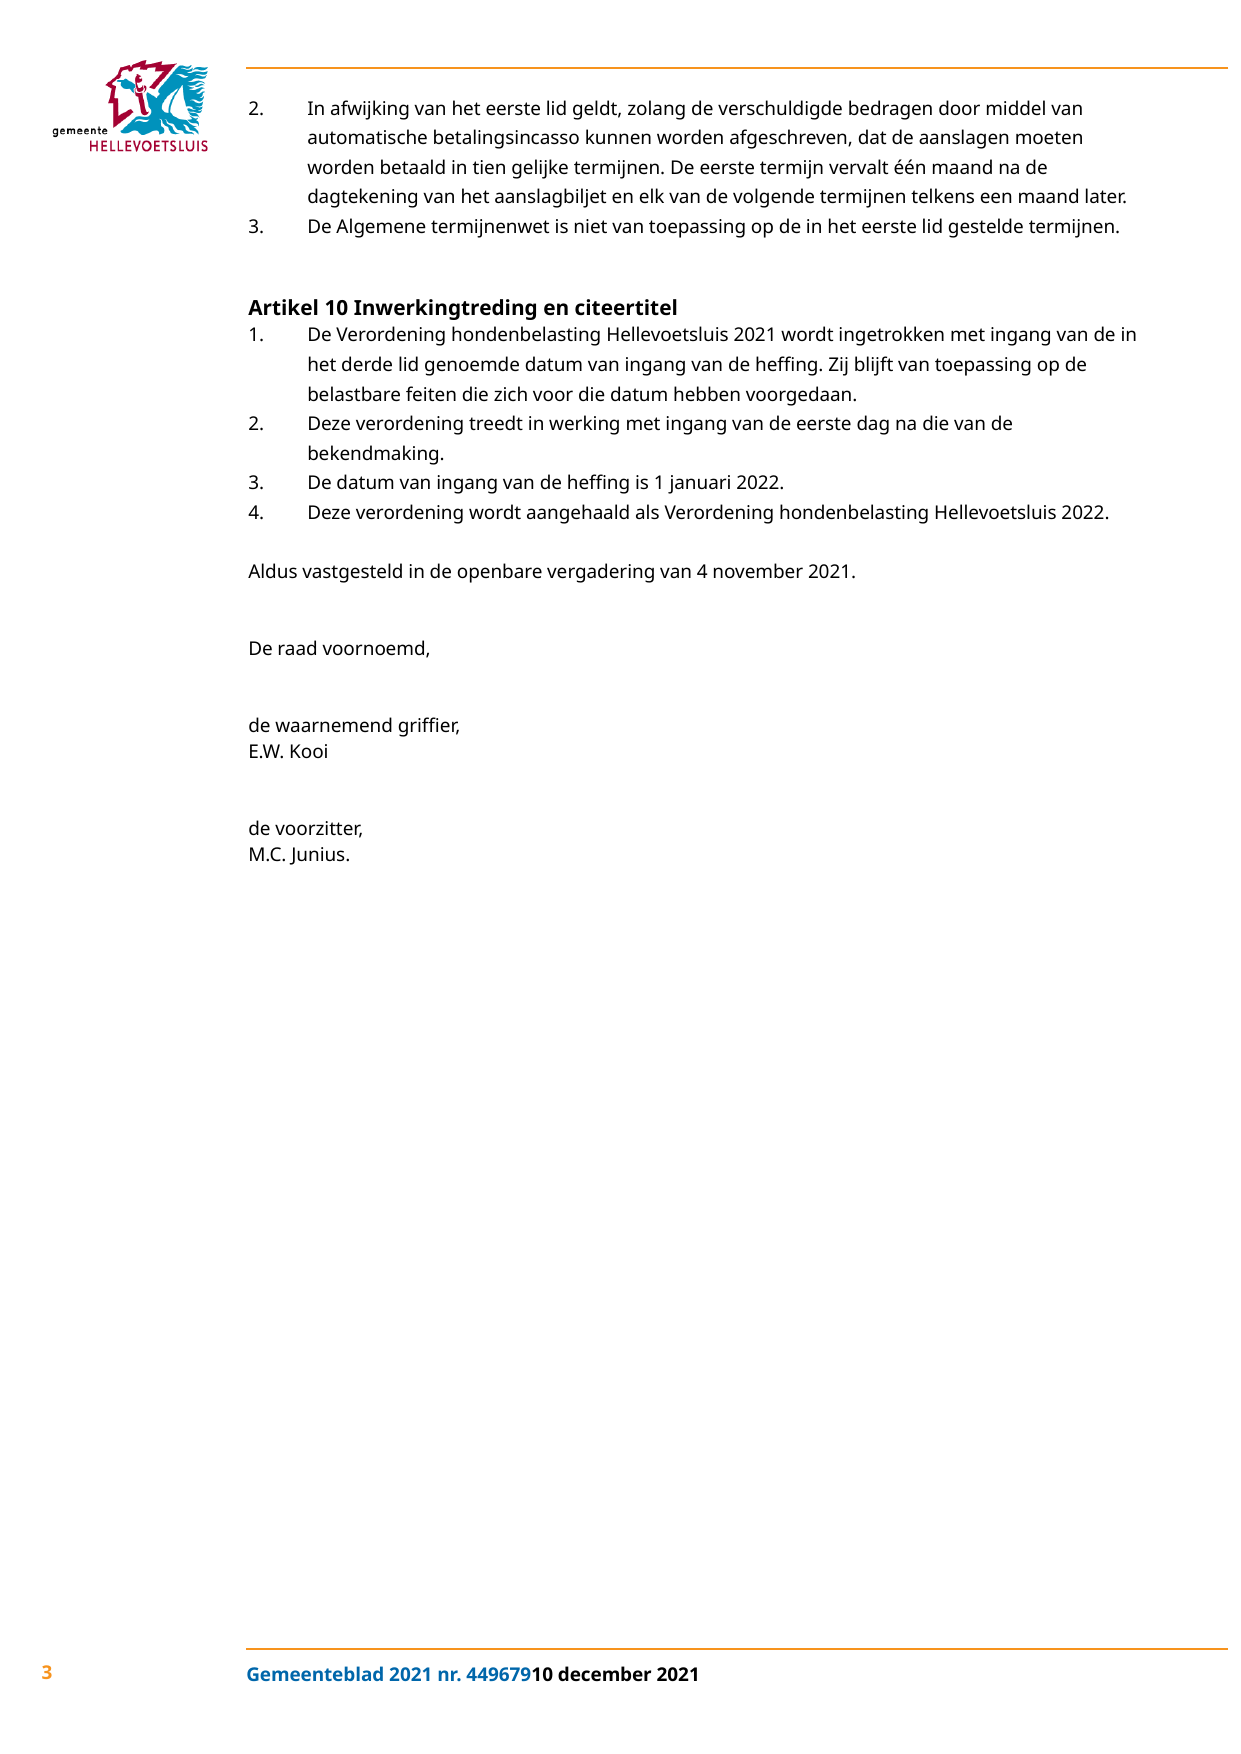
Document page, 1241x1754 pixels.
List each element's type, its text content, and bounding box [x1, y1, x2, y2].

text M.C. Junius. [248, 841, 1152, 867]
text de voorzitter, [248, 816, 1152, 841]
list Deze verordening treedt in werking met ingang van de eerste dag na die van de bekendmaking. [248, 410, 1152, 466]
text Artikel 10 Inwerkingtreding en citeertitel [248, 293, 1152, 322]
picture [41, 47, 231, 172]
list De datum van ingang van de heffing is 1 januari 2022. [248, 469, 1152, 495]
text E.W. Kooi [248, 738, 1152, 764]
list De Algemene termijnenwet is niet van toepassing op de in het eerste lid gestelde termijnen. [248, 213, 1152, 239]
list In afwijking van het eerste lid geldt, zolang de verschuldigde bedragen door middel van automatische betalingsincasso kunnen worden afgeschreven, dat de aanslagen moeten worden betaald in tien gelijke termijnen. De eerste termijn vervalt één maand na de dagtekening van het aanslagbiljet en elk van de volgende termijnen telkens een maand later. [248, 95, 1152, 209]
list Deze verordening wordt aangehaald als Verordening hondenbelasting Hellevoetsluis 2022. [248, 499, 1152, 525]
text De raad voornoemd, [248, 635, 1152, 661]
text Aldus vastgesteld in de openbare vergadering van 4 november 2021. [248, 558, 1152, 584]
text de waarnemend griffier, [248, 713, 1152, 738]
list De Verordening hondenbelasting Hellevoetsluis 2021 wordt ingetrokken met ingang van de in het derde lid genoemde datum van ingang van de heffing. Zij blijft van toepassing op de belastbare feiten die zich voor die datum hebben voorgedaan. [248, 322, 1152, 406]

...

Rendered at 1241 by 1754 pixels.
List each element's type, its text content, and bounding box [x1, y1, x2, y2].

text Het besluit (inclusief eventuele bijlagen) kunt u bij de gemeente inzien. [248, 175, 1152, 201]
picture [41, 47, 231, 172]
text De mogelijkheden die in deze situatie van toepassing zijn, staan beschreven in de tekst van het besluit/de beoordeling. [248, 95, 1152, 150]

* * *

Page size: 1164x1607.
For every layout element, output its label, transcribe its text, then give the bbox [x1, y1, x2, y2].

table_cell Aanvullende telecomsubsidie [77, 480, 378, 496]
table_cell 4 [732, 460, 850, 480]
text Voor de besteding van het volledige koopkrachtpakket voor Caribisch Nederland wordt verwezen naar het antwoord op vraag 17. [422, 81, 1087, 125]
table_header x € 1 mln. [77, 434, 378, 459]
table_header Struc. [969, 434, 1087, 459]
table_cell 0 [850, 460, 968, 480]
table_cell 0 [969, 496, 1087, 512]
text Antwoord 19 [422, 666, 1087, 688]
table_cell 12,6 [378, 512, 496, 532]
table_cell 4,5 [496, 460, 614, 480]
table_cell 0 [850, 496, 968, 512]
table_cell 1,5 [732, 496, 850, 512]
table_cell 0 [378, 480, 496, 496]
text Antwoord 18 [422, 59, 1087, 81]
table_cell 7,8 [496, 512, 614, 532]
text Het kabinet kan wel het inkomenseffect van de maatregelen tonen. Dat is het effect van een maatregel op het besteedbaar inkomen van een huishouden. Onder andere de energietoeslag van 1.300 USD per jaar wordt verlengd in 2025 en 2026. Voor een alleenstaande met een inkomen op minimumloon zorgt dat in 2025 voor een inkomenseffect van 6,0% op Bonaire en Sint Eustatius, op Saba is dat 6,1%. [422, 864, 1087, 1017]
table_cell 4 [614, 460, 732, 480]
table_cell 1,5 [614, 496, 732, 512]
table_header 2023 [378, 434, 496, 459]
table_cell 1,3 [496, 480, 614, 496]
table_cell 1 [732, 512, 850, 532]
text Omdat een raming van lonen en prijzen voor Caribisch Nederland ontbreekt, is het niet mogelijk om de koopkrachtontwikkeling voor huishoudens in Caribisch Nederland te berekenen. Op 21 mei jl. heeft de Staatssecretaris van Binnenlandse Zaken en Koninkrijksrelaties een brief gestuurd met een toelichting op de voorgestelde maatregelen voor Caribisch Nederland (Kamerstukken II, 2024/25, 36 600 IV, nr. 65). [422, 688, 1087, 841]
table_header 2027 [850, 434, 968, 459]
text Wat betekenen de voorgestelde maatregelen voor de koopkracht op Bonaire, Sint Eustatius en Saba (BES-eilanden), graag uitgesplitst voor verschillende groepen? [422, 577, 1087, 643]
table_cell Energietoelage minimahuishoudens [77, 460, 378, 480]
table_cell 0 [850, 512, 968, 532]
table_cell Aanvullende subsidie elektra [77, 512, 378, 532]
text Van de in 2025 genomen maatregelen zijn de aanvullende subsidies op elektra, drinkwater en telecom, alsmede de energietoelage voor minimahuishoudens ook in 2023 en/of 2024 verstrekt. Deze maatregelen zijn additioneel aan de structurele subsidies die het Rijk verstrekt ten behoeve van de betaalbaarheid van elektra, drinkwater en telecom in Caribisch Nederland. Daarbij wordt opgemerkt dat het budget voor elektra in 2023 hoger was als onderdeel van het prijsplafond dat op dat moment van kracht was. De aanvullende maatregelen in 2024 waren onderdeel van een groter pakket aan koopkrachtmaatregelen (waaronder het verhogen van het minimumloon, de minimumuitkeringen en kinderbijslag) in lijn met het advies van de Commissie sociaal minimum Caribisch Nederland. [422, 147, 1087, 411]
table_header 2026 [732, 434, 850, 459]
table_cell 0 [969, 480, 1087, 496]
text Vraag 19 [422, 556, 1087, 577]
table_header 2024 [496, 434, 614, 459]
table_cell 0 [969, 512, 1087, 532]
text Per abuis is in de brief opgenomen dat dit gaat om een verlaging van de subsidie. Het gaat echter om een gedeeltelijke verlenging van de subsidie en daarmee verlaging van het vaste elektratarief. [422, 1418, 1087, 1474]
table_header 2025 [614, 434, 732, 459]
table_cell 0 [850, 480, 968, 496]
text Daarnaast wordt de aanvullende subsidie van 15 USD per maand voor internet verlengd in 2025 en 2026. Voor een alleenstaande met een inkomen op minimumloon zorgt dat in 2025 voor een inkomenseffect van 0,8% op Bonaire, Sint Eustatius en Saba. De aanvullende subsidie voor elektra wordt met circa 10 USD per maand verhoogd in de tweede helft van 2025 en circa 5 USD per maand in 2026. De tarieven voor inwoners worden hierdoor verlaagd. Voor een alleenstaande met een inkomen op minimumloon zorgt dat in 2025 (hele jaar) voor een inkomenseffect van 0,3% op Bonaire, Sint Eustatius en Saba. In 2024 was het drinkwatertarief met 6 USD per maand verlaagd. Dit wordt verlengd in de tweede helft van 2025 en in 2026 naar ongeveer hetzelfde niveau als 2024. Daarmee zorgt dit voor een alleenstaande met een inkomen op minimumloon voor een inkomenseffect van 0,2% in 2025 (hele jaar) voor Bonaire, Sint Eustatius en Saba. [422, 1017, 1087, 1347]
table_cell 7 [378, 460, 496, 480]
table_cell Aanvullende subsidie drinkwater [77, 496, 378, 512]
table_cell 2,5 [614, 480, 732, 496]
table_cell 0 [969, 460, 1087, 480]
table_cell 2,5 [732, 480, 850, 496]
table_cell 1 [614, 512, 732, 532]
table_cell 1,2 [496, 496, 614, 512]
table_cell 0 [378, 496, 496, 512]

Exercise brief: In the entries, find every line holding "pixels" and copy it.

Completed exercise:
Document page, 1241x1754 pixels.
Rendered at 1241 by 1754 pixels.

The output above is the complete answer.